Oxford Economics’ Andrew Goodwin has estimated that around £4.5bn of the headroom pencilled in the final year of the Office for Budget Responsibility (OBR)’s forecast will be eradicated if gilt yields, which affect debt interest payments, stay at their current level and two more interest rate cuts are made this year.
Gilt yields are 20 to 25 basis points higher than they were for the spring statement forecasts and market expectations for Bank Rate are “a little higher,” Goodwin told City AM.
“Obviously, it’s a long time to go before we get to knocking the assumptions for the budget, but if they stay where they are now, then you’re looking at wiping out half the headroom.”
Reeves may ‘need to increase’ taxes or cut spending
Shaky market prices in the US are also affecting gilt yields in the UK, making policymaking in Britain “very hard” given President Trump’s flip-flopping over tariffs and other key state spending measures, according to
The latest episode saw credit ratings leader Moody’s follow S&P Global Ratings and Fitch Group in downgrading the US one level from a triple-A rating.
Analysts at Moody’s sounded the alarm on surging government debt levels and a deeper budget deficit, claiming “successive” presidential administrations had failed to “reverse the trend of large annual fiscal deficits and growing interest costs”.
JP Morgan chief executive Jamie Dimon accused investors of becoming “complacent” after the S&P 500 barely moved after the downgrade was revealed.
The initial rise in Treasury yields was followed by a rise in UK 30-year yields, which peaked at nearly 5.5 per cent before falling back.
According to Ben Nicholl, a senior fund manager at Royal London Asset Management, investors were worried about the level of gilts being issued as well as the high level of interest rates set by the Bank of England.
The spending review, which is due in the summer and could signal whether Reeves is prepared to make drastic cuts to public spending, was the next indicator of whether the Chancellor was serious about lowering the national debt and keeping her small headroom intact.
Should cuts not be made, tax rises would appear more likely, Nicholl suggested.
“The market is telling the Chancellor that £300bn of gilts [being issued] this year, plus what we’ve got to come over the next few years is a lot for the bond markets to take on,” Nicholl told City AM.
“[The government is] going to need to reduce spending, or they’re going to need to increase taxes.
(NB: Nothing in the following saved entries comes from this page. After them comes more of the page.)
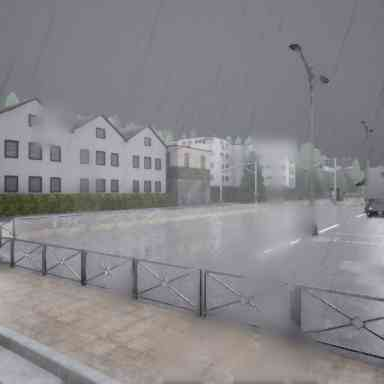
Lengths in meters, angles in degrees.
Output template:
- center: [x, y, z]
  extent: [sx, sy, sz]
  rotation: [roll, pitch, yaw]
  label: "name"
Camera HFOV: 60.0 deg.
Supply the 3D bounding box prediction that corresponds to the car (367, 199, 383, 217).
- center: [15.412, 1.298, 26.820]
  extent: [2.007, 1.523, 4.514]
  rotation: [0, 0, 35]
  label: "car"
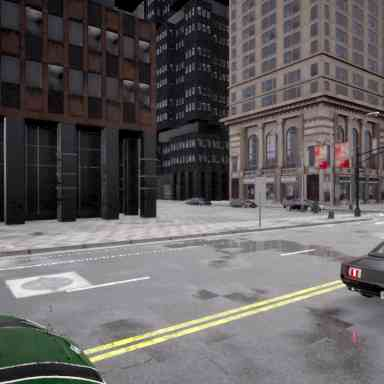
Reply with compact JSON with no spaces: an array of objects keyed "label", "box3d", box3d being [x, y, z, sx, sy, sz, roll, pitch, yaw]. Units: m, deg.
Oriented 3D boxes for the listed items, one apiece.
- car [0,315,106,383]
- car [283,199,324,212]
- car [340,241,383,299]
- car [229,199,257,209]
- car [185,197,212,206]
[{"label":"car","box3d":[-2.627,1.352,1.563,4.553,1.767,2.097,0,0,-36]},{"label":"car","box3d":[12.734,1.517,38.223,2.128,1.511,4.902,0,0,-35]},{"label":"car","box3d":[5.363,1.600,7.265,4.718,1.301,1.895,0,0,-35]},{"label":"car","box3d":[7.069,1.600,46.225,1.994,1.385,4.181,0,0,-36]},{"label":"car","box3d":[1.005,1.597,54.820,2.033,1.411,5.357,0,0,-36]}]

So, there is some work for the Chancellor to do there.”
Oxford Economics’ Goodwin said Reeves’ “risky” gamble in setting herself a small headroom was “not paying off at the moment” as her headroom looks set to get wiped out, adding that manifesto pledges not to raise income tax, VAT or national insurance for workers put the government in a corner.
“It’s more that they’ve promised not to increase so many different taxes that it’s going to be very difficult to avoid going back on one of those commitments,” he said.
“It’s such a large slice of the tax pie that it is meant to be off limits. It doesn’t leave enough left to make any meaningful increases.”
Showdown with ‘moody’ investors
Neil Mehta, a portfolio manager at RBC BlueBay Asset Management, said political tensions around welfare should not thwart Reeves’ commitment to “getting finances in check”.
“The speculation of reversing the winter fuel payment policy announced last year is another example of how political priorities make it hard for the Labour government to get a grip of the scale of the UK’s borrowing needs to stabilise debt levels,” Mehta said.
“Markets are in no mood to give this government the benefit of doubt and continue to attach a higher risk premium to longer dated gilt.”
The National Institute of Economic and Social Research (NIESR)’s interim director Stephen Millard has suggested that gilt yields are “only a little above the OBR’s forecast”, meaning the Chancellor still had some time before focussing her attention on stabilising public finances.